UK banks posted combined pre-tax profits of over £44 billion in 2023 — a figure that prompted considerable public debate about whether customers are getting a fair deal. The average British current account holder pays between £60 and £120 per year in fees and forgoes hundreds more in unclaimed perks. Research by the Financial Conduct Authority suggests most customers use fewer than 30% of their account features.
This is not entirely the customer's fault. Banks have little commercial incentive to highlight features that reduce fee income or increase what they must pay out. But the features exist, they are legally mandated in several cases, and knowing about them can put meaningful amounts of money back in your pocket.
Here are nine features that major UK banks — including Barclays, Lloyds, HSBC, NatWest, Santander UK, and the major building societies — offer but rarely advertise.

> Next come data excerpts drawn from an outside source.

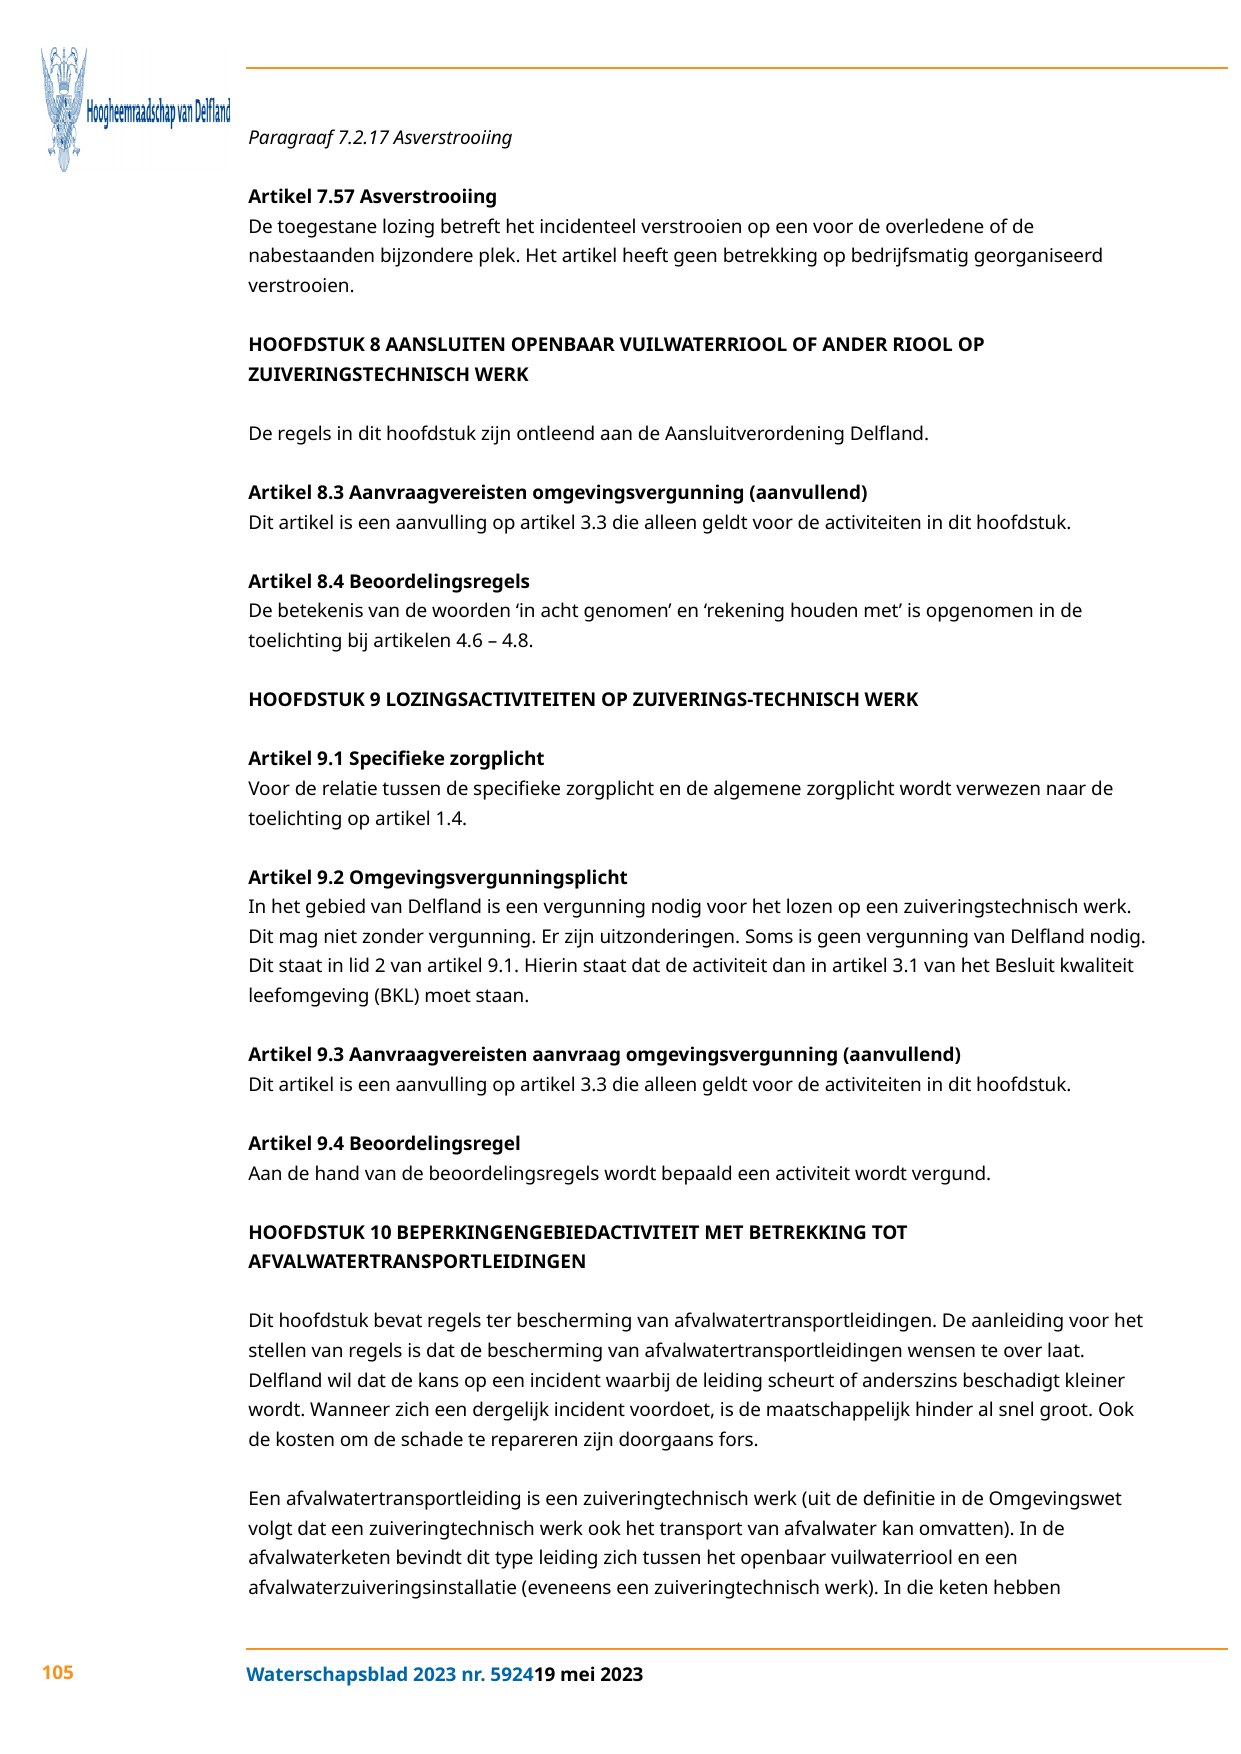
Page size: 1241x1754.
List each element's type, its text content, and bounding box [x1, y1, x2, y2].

text Dit artikel is een aanvulling op artikel 3.3 die alleen geldt voor de activiteiten in dit hoofdstuk. [248, 509, 1152, 535]
text HOOFDSTUK 9 LOZINGSACTIVITEITEN OP ZUIVERINGS-TECHNISCH WERK [248, 686, 1152, 712]
text Artikel 8.4 Beoordelingsregels [248, 568, 1152, 594]
text Artikel 9.4 Beoordelingsregel [248, 1130, 1152, 1156]
text Artikel 9.2 Omgevingsvergunningsplicht [248, 864, 1152, 890]
text Artikel 8.3 Aanvraagvereisten omgevingsvergunning (aanvullend) [248, 479, 1152, 505]
text Paragraaf 7.2.17 Asverstrooiing [248, 124, 1152, 150]
picture [41, 47, 231, 172]
text In het gebied van Delfland is een vergunning nodig voor het lozen op een zuiveringstechnisch werk. Dit mag niet zonder vergunning. Er zijn uitzonderingen. Soms is geen vergunning van Delfland nodig. Dit staat in lid 2 van artikel 9.1. Hierin staat dat de activiteit dan in artikel 3.1 van het Besluit kwaliteit leefomgeving (BKL) moet staan. [248, 893, 1152, 1008]
text De toegestane lozing betreft het incidenteel verstrooien op een voor de overledene of de nabestaanden bijzondere plek. Het artikel heeft geen betrekking op bedrijfsmatig georganiseerd verstrooien. [248, 213, 1152, 298]
text HOOFDSTUK 8 AANSLUITEN OPENBAAR VUILWATERRIOOL OF ANDER RIOOL OP ZUIVERINGSTECHNISCH WERK [248, 331, 1152, 387]
text Artikel 9.1 Specifieke zorgplicht [248, 746, 1152, 771]
text De betekenis van de woorden ‘in acht genomen’ en ‘rekening houden met’ is opgenomen in de toelichting bij artikelen 4.6 – 4.8. [248, 598, 1152, 653]
text Dit artikel is een aanvulling op artikel 3.3 die alleen geldt voor de activiteiten in dit hoofdstuk. [248, 1071, 1152, 1097]
text De regels in dit hoofdstuk zijn ontleend aan de Aansluitverordening Delfland. [248, 420, 1152, 446]
text Aan de hand van de beoordelingsregels wordt bepaald een activiteit wordt vergund. [248, 1160, 1152, 1186]
text HOOFDSTUK 10 BEPERKINGENGEBIEDACTIVITEIT MET BETREKKING TOT AFVALWATERTRANSPORTLEIDINGEN [248, 1219, 1152, 1274]
text Dit hoofdstuk bevat regels ter bescherming van afvalwatertransportleidingen. De aanleiding voor het stellen van regels is dat de bescherming van afvalwatertransportleidingen wensen te over laat. Delfland wil dat de kans op een incident waarbij de leiding scheurt of anderszins beschadigt kleiner wordt. Wanneer zich een dergelijk incident voordoet, is de maatschappelijk hinder al snel groot. Ook de kosten om de schade te repareren zijn doorgaans fors. [248, 1308, 1152, 1452]
text Artikel 7.57 Asverstrooiing [248, 183, 1152, 209]
text Voor de relatie tussen de specifieke zorgplicht en de algemene zorgplicht wordt verwezen naar de toelichting op artikel 1.4. [248, 775, 1152, 831]
text Een afvalwatertransportleiding is een zuiveringtechnisch werk (uit de definitie in de Omgevingswet volgt dat een zuiveringtechnisch werk ook het transport van afvalwater kan omvatten). In de afvalwaterketen bevindt dit type leiding zich tussen het openbaar vuilwaterriool en een afvalwaterzuiveringsinstallatie (eveneens een zuiveringtechnisch werk). In die keten hebben [248, 1485, 1152, 1600]
text Artikel 9.3 Aanvraagvereisten aanvraag omgevingsvergunning (aanvullend) [248, 1041, 1152, 1067]

1. Fee Waivers and Packaged Account Refunds
Thousands of UK customers are owed refunds for packaged bank accounts — premium current accounts that include benefits such as travel insurance, breakdown cover, or mobile phone insurance — that they were mis-sold and never used. Products like Barclays Additions, Lloyds Silver Account, and various NatWest packaged tiers have been subject to ongoing FCA scrutiny. The regulator-mandated reclaim process has returned over £1 billion to customers to date, yet many eligible account holders have never submitted a complaint.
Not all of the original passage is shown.